Conseguir una miga tierna, un exterior ligeramente dorado y un glaseado fino en unos donuts caseros depende de varios detalles pequeños: la hidratación de la masa, el levado y la temperatura del aceite. Aquí explico una receta frita para 10-12 unidades, cómo evitar que queden secos o grasientos, qué coberturas funcionan mejor y cuándo conviene elegir el horno.
La fórmula para conseguir dónuts tiernos y ligeros
- Levadura de panadero para una miga esponjosa y con buen aroma.
- Primer levado de 60-90 minutos, según la temperatura de la cocina.
- Fritura estable entre 165 y 175 ºC para dorarlos sin quemarlos.
- Un glaseado sencillo de azúcar aporta el acabado clásico y se adhiere mejor en caliente.
- El resultado es mejor el mismo día, aunque pueden conservarse 24 horas en un recipiente cerrado.

La masa que da una miga tierna
La base es una masa enriquecida parecida a la de un brioche ligero. Lleva harina de fuerza, leche, huevo, azúcar, mantequilla y levadura de panadero. No conviene sustituirla por levadura química, porque esta última sirve para bizcochos y no desarrolla la estructura aireada que buscamos.
Para 10-12 piezas utilizo estas cantidades:
- 500 g de harina de fuerza
- 250 ml de leche entera templada
- 50 g de azúcar
- 1 huevo mediano
- 25 g de levadura fresca o 8 g de levadura seca de panadero
- 50 g de mantequilla blanda
- 6 g de sal
- 1 cucharadita de extracto de vainilla, opcional
- Aceite de girasol alto oleico o aceite de oliva suave para freír
La leche debe estar templada, no caliente. Si supera aproximadamente los 40 ºC, puede debilitar o matar la levadura. Yo prefiero pesar la harina y la leche en lugar de añadir harina a ojo, porque una masa demasiado dura produce dónuts compactos y secos.

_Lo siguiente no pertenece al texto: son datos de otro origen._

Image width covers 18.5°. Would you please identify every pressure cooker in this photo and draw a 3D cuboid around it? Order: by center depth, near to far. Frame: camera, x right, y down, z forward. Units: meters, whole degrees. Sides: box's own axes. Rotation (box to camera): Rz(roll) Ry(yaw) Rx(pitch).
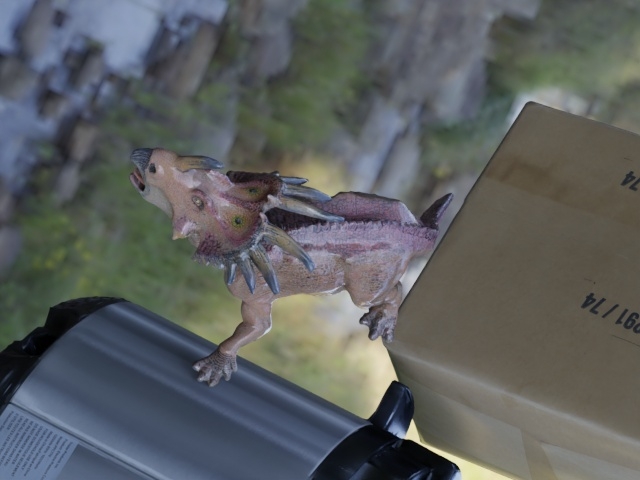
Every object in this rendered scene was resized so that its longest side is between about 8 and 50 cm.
[{"bbox_3d":[-0.095,0.285,1.592,0.375,0.420,0.370,-37,148,-59],"label":"pressure cooker"}]

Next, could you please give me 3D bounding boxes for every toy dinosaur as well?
[{"bbox_3d":[0.000,0.000,1.494,0.200,0.295,0.127,120,-44,-56],"label":"toy dinosaur"}]

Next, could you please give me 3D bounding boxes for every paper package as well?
[{"bbox_3d":[0.267,0.072,1.698,0.309,0.325,0.168,-56,148,-25],"label":"paper package"}]
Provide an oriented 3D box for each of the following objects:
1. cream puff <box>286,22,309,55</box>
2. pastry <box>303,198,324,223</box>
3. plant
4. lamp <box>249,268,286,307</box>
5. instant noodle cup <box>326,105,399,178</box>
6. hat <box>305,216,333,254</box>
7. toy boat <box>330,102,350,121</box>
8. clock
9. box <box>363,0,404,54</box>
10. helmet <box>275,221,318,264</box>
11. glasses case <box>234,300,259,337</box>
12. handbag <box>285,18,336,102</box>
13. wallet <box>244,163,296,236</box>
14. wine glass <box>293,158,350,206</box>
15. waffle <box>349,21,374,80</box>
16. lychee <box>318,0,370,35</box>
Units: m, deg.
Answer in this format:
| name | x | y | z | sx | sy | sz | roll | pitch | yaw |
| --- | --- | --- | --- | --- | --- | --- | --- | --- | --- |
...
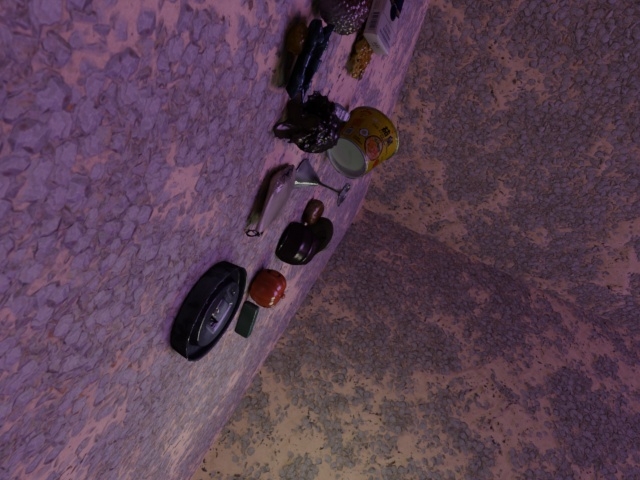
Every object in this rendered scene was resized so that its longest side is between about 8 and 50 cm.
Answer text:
| name | x | y | z | sx | sy | sz | roll | pitch | yaw |
| --- | --- | --- | --- | --- | --- | --- | --- | --- | --- |
| cream puff | -0.067 | -0.579 | 1.216 | 0.083 | 0.058 | 0.083 | 118 | -12 | -50 |
| pastry | -0.037 | -0.156 | 2.362 | 0.153 | 0.081 | 0.153 | -58 | 172 | -14 |
| plant | -0.031 | -0.411 | 1.495 | 0.234 | 0.204 | 0.178 | 17 | 60 | -67 |
| lamp | -0.243 | 0.234 | 2.047 | 0.187 | 0.164 | 0.187 | -60 | 172 | -15 |
| instant noodle cup | 0.199 | -0.483 | 2.174 | 0.254 | 0.326 | 0.325 | -46 | 162 | -30 |
| hat | 0.000 | 0.000 | 2.411 | 0.110 | 0.252 | 0.252 | 38 | 76 | -43 |
| toy boat | 0.079 | -0.571 | 1.904 | 0.078 | 0.085 | 0.260 | -66 | 170 | 16 |
| clock | -0.400 | 0.255 | 1.558 | 0.386 | 0.077 | 0.386 | -61 | 170 | -19 |
| box | 0.271 | -0.946 | 1.791 | 0.168 | 0.071 | 0.259 | 17 | 91 | -62 |
| helmet | -0.101 | 0.031 | 2.242 | 0.224 | 0.177 | 0.305 | -66 | 169 | 1 |
| glasses case | -0.359 | 0.387 | 2.078 | 0.039 | 0.078 | 0.184 | -39 | 154 | -62 |
| handbag | -0.031 | -0.535 | 1.265 | 0.179 | 0.062 | 0.229 | -107 | -142 | -60 |
| wallet | -0.179 | -0.165 | 1.690 | 0.274 | 0.068 | 0.335 | -64 | 177 | 22 |
| wine glass | 0.007 | -0.253 | 1.908 | 0.156 | 0.232 | 0.156 | -60 | 169 | -20 |
| waffle | 0.200 | -0.859 | 1.901 | 0.280 | 0.060 | 0.262 | -52 | 161 | -55 |
| lychee | 0.074 | -0.722 | 1.285 | 0.165 | 0.165 | 0.197 | -59 | -179 | -24 |
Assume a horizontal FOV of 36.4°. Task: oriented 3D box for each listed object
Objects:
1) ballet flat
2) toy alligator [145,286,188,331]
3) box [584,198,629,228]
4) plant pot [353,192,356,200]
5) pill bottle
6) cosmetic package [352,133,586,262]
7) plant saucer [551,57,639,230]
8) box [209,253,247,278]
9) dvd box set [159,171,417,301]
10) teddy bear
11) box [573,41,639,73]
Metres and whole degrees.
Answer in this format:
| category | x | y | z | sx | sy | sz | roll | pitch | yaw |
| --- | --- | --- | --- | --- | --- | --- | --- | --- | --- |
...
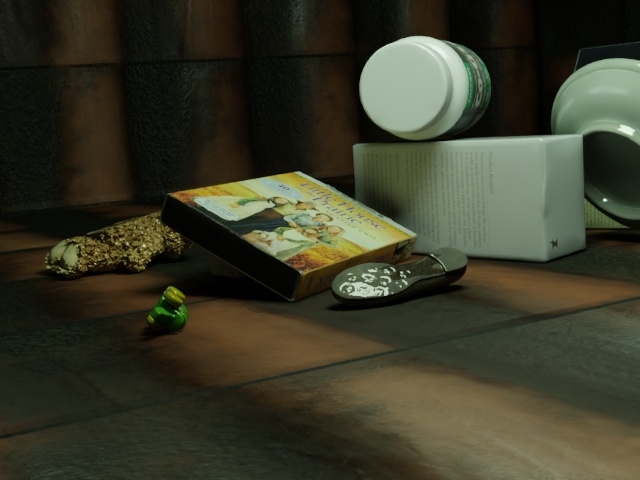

Receta paso a paso para freírlos en casa
Amasar hasta obtener elasticidad
Disuelvo la levadura en la leche templada y la dejo reposar 5 minutos. En un bol mezclo la harina, el azúcar y la sal, incorporo el huevo, la vainilla y la leche, y amaso durante unos 8-10 minutos.
Cuando la masa empieza a estar lisa, añado la mantequilla poco a poco. Al principio resulta pegajosa, pero no conviene corregirla con mucha harina. Tras unos minutos debe quedar suave, elástica y ligeramente húmeda, sin pegarse de forma excesiva a las manos.
Dejar que la masa crezca
Formo una bola, la coloco en un recipiente engrasado y la cubro. El primer levado suele tardar entre 60 y 90 minutos a temperatura ambiente, hasta que la masa casi duplica su volumen.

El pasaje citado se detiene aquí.